THE screens stopped working at 3.27 pm. Suddenly, flight controllers found themselves working blind, unable to access key information on the dozens of aircraft in the sky above them. Planes awaiting take-off were grounded and inbound aircraft diverted to other countries. More than 100 flights were cancelled and tens of thousands of passengers were affected. By taking the software out of the loop, and falling back on fail-safe procedures, flight controllers skillfully avoided disaster. But this glitch in the computer system of the UK’s National Air Traffic Services on 12 December 2014 could have been far worse.

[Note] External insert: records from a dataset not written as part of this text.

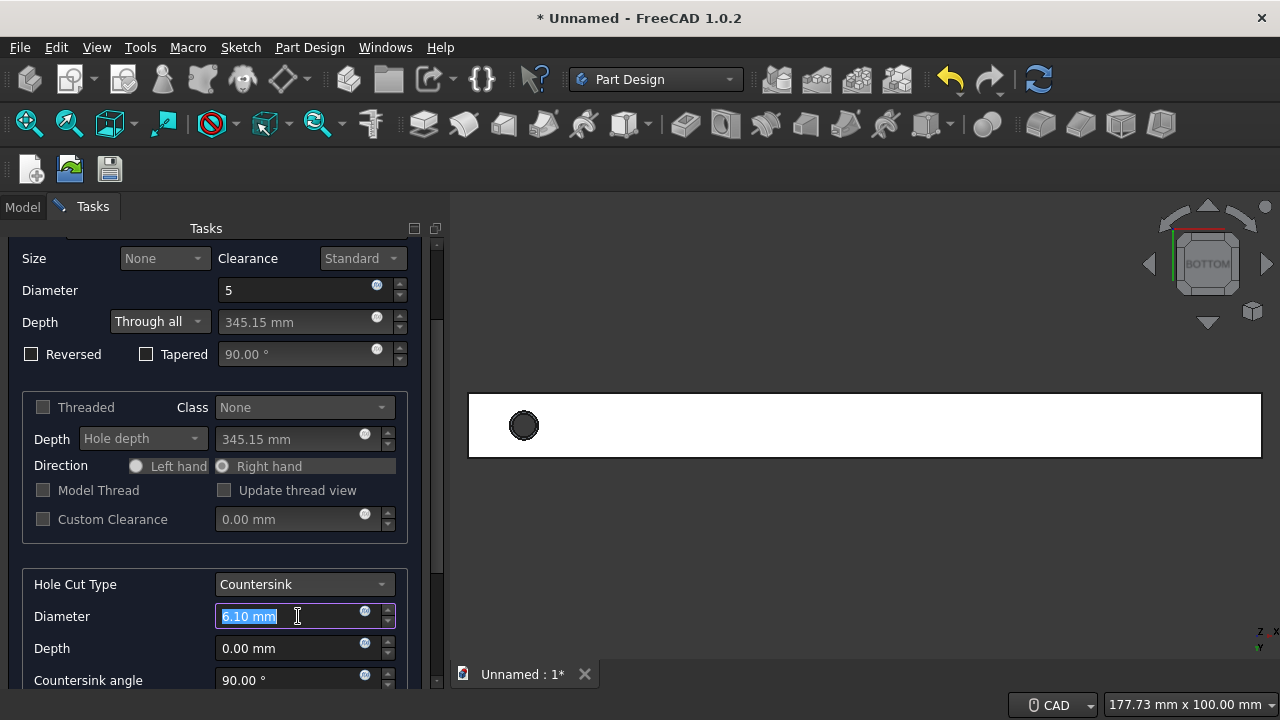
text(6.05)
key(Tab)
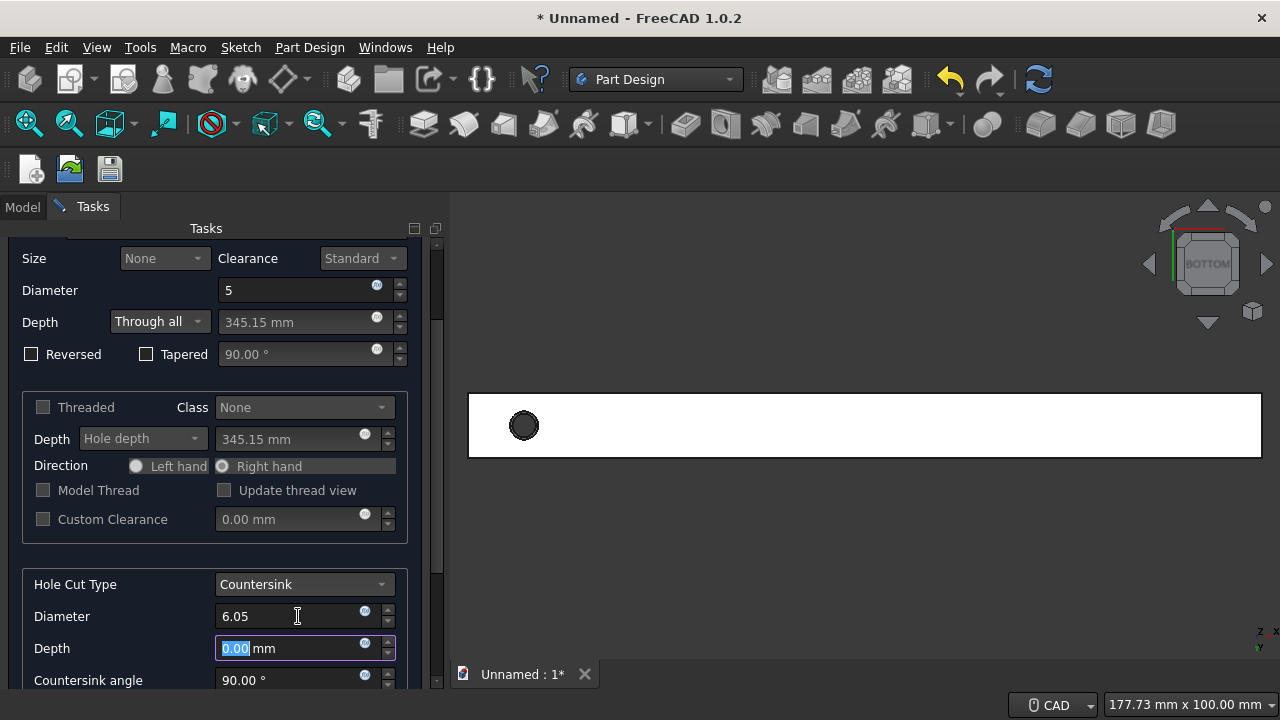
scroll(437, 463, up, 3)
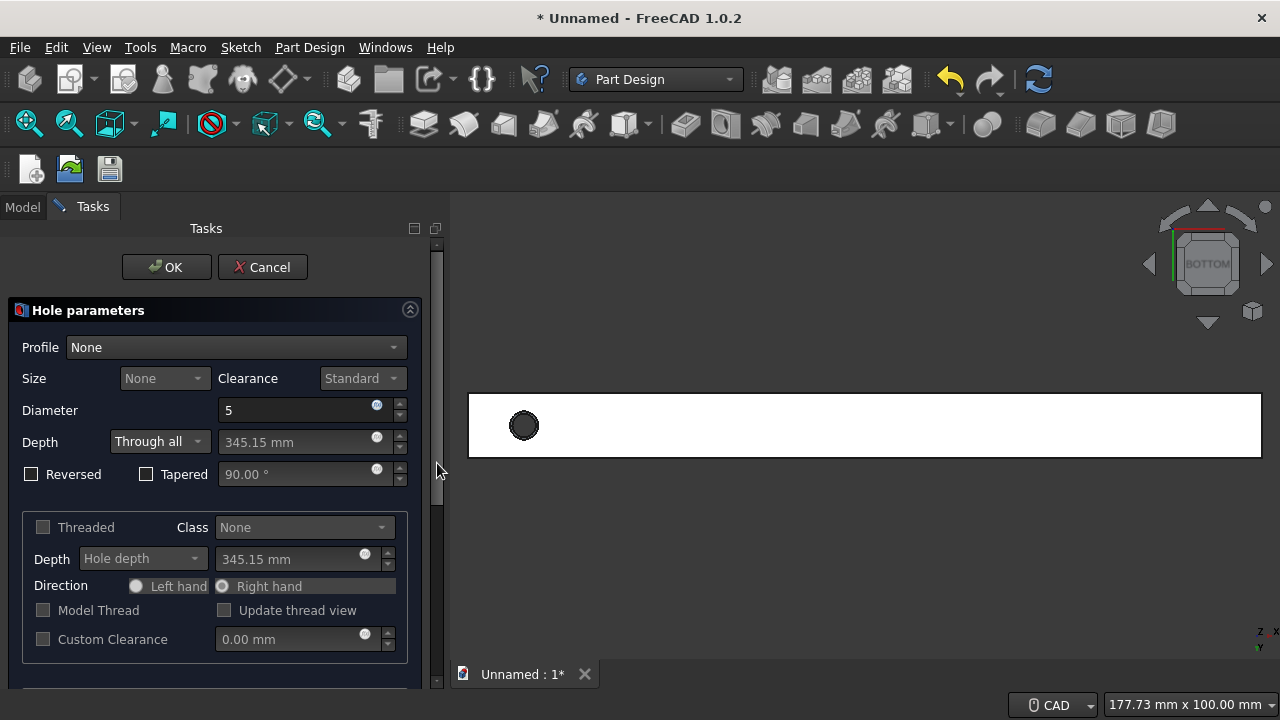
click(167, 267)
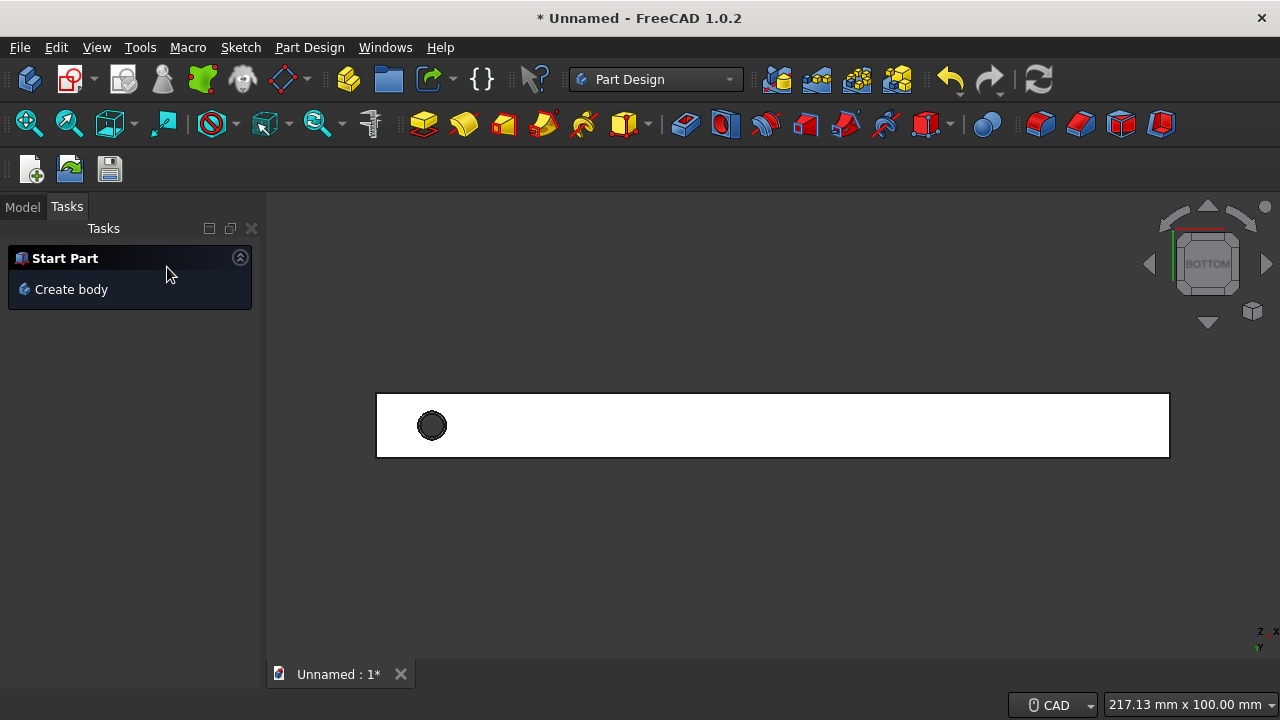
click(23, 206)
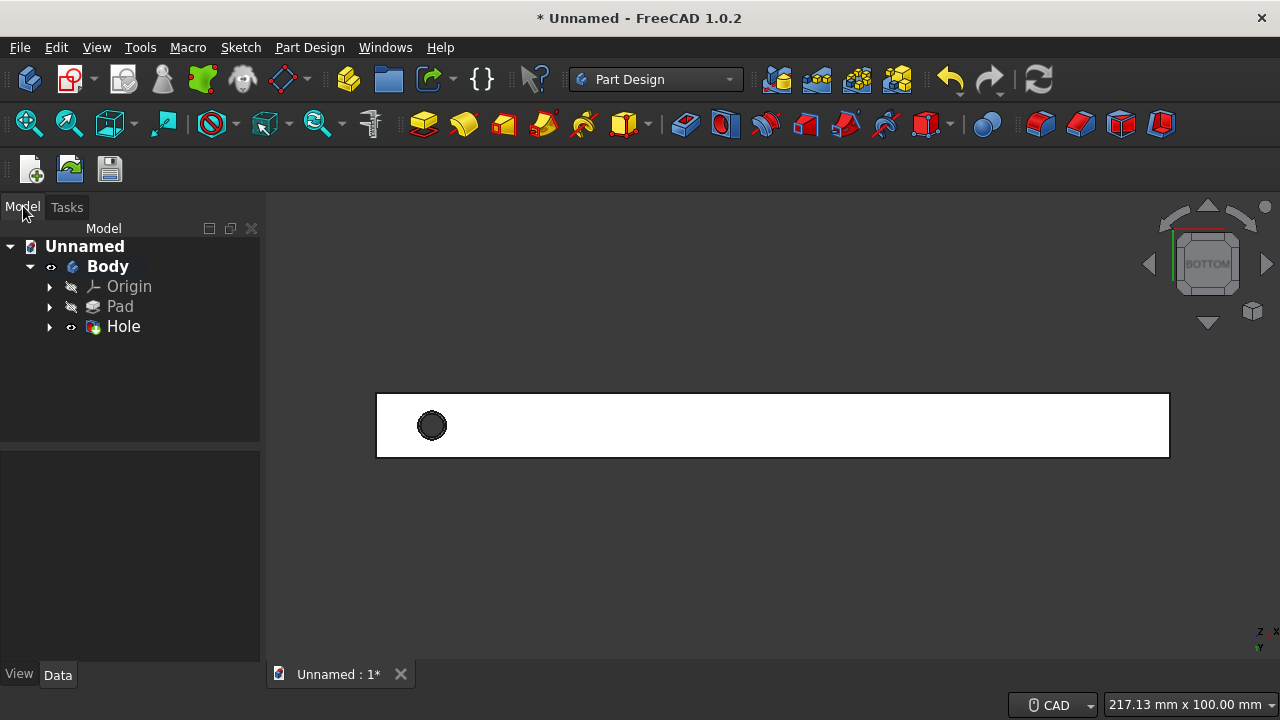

Software bugs have plagued us since we started to code. They cost the global economy billions, and we spend billions more trying to get rid of them. But they’re tenacious. It’s common for software to be released with at least some bugs – and more are often discovered only once it is out in the wild. At best, these are a nuisance, causing an app to crash every now and then. At worst, they cause serious security and safety risks, or lead companies to lose fortunes. Some have even killed (see ““).
In just the past few years, for example, software errors have made Toyota, Land Rover and Ford recall more than a million cars between them for safety reasons. They have crashed spacecraft, let online shoppers buy thousands of dollars of goods for nothing, and even delayed the launch of the Apple watch.
What to do? For a growing number of researchers, it’s time to admit defeat. If we can’t beat bugs …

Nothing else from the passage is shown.